Published on NewsOK Modified: August 13, 2014 at 5:26 pm •  Published: August 13, 2014

LINCOLN, Neb. (AP) — Iekhan Safar moved from Iraq to Lincoln for the same reason that hundreds of Yazidis, a Kurdish religious minority, came to Nebraska's capital city: to live near family, far from the dangers they've long faced as a persecuted group.

Lincoln has the largest concentration of Yazidis (yah-ZEE-dees) in the United States, and many of them brought their families to the U.S. after receiving visas for serving as translators during the first Gulf War. Now, the city is at the center of a frantic effort to draw attention to the group's plight in northern Iraq, where Yazidis are fleeing from Islamic State militants to escape violence and attempts to convert them to Islam.

Thousands of homeless Yazidi families are packed into a refugee camp on a remote desert Sinjar mountain range near the country's northern border, where there is little access to food, water or shelter. Safar, a 26-year-old mother of three, says her sisters and their children face an uncertain future there. One sister called this week in tears: Her 3-year-old daughter fell off a cliff and died in the rush to escape the extremists.

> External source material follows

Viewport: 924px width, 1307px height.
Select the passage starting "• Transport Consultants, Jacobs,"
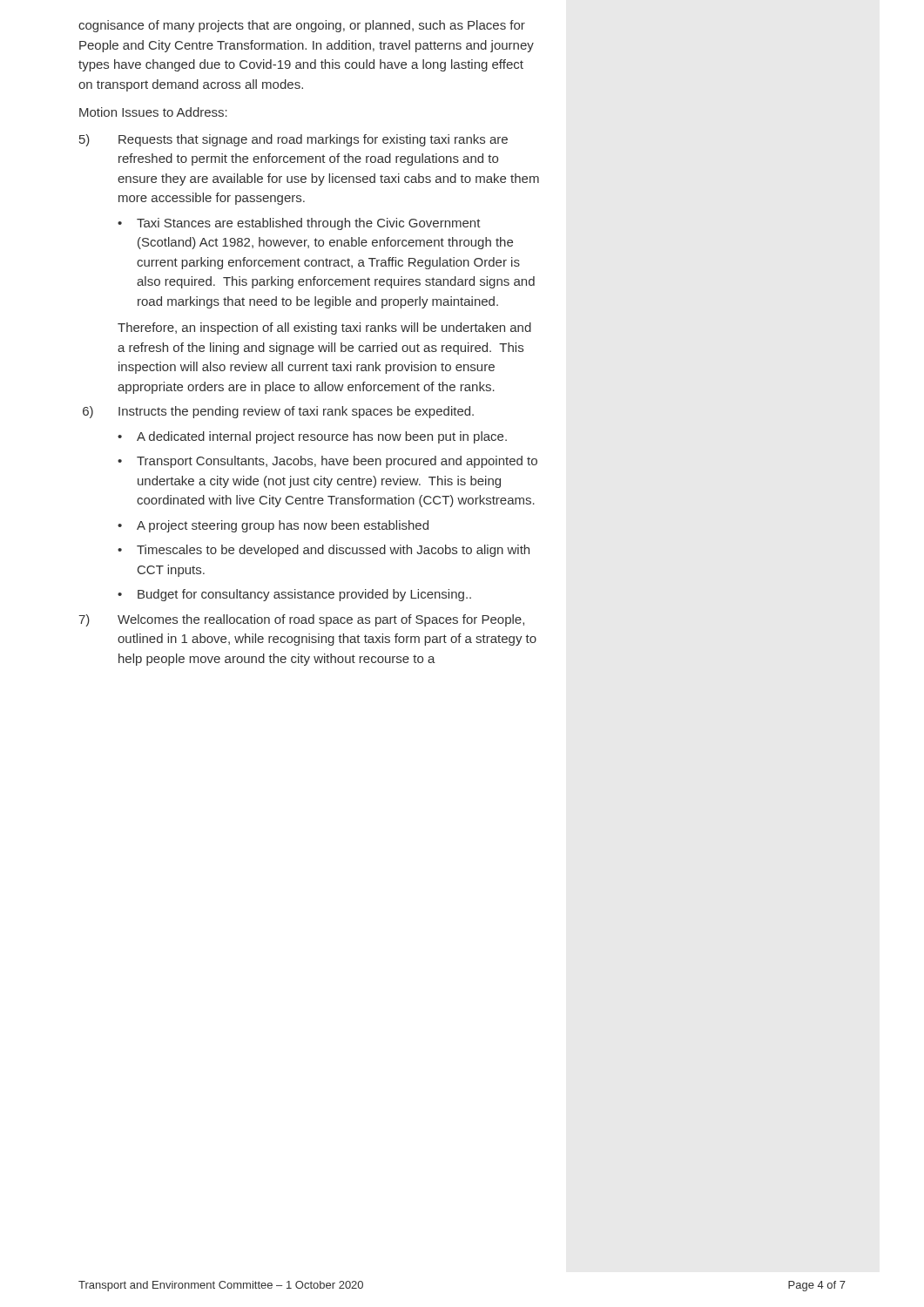[x=329, y=481]

"I just hope they bring them here. At least they'd be safe," Safar said through tears in her Lincoln apartment. "They don't want (government) help — no Medicaid, food stamps, nothing like that. They'll work hard. They just want their kids to be safe."

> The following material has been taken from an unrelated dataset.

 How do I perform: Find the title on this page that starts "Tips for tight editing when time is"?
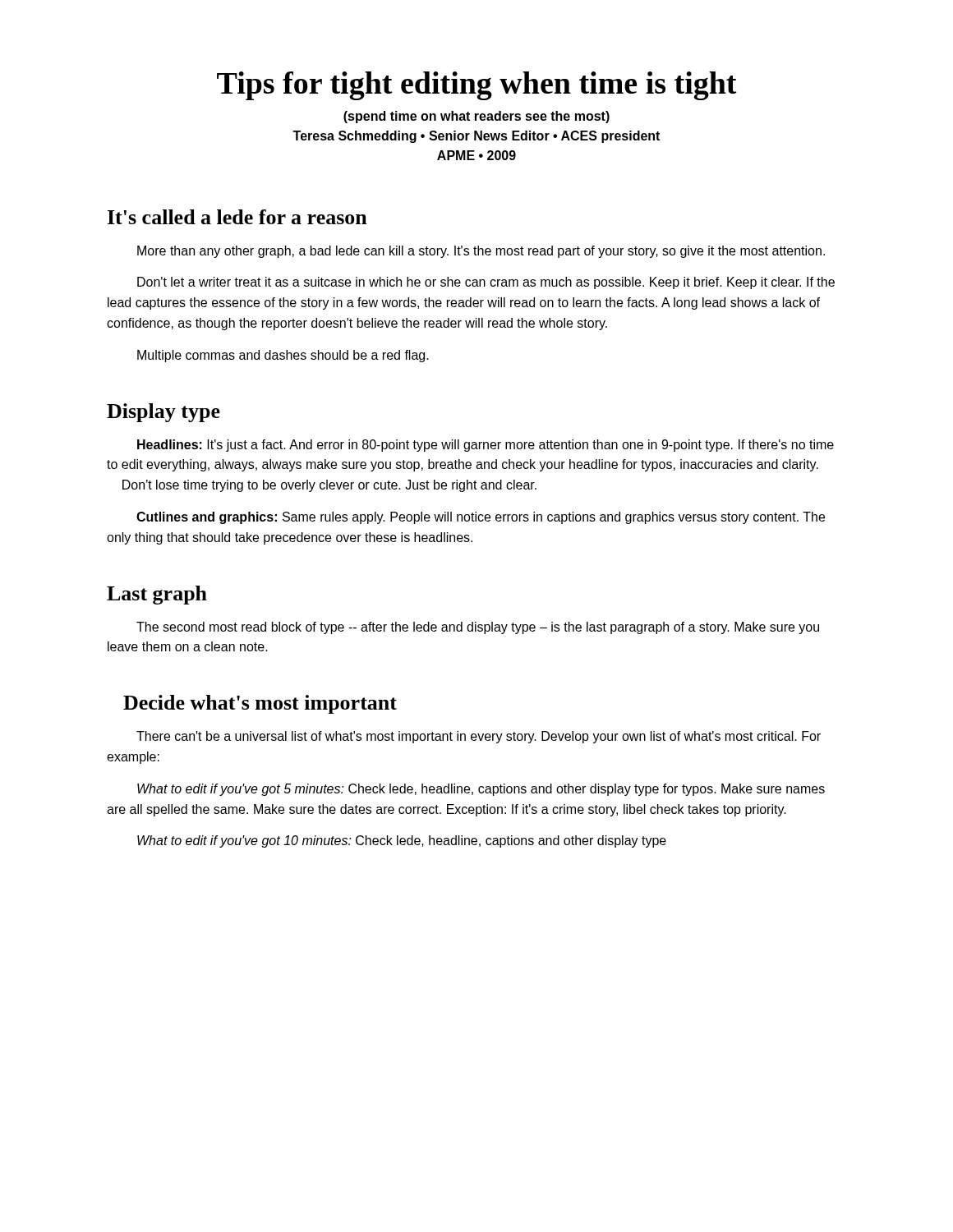coord(476,84)

Yazidis in Lincoln say they're grateful for the humanitarian airdrops and airstrikes against militants that President Barack Obama ordered last week, but fearful that their loved ones can no longer live peacefully in Iraq.

Uncertain of what to do, Yazidis staged a hastily organized rally at the Nebraska Capitol and the governor's residence this month and reached out to U.S. Rep. Jeff Fortenberry, who along with four other congressmen sent a letter to Obama calling for immediate humanitarian assistance. They also sent five vans of people to Washington to appeal to the State Department, asking for food, water and protection for their relatives.

Yazidis — also spelled "Yezidis" — have suffered religious persecution for generations because of their beliefs, which include some elements similar to Christianity, Judaism and other ancient religions. Many Muslims consider them devil worshippers, an accusation that Yazidis strongly dispute.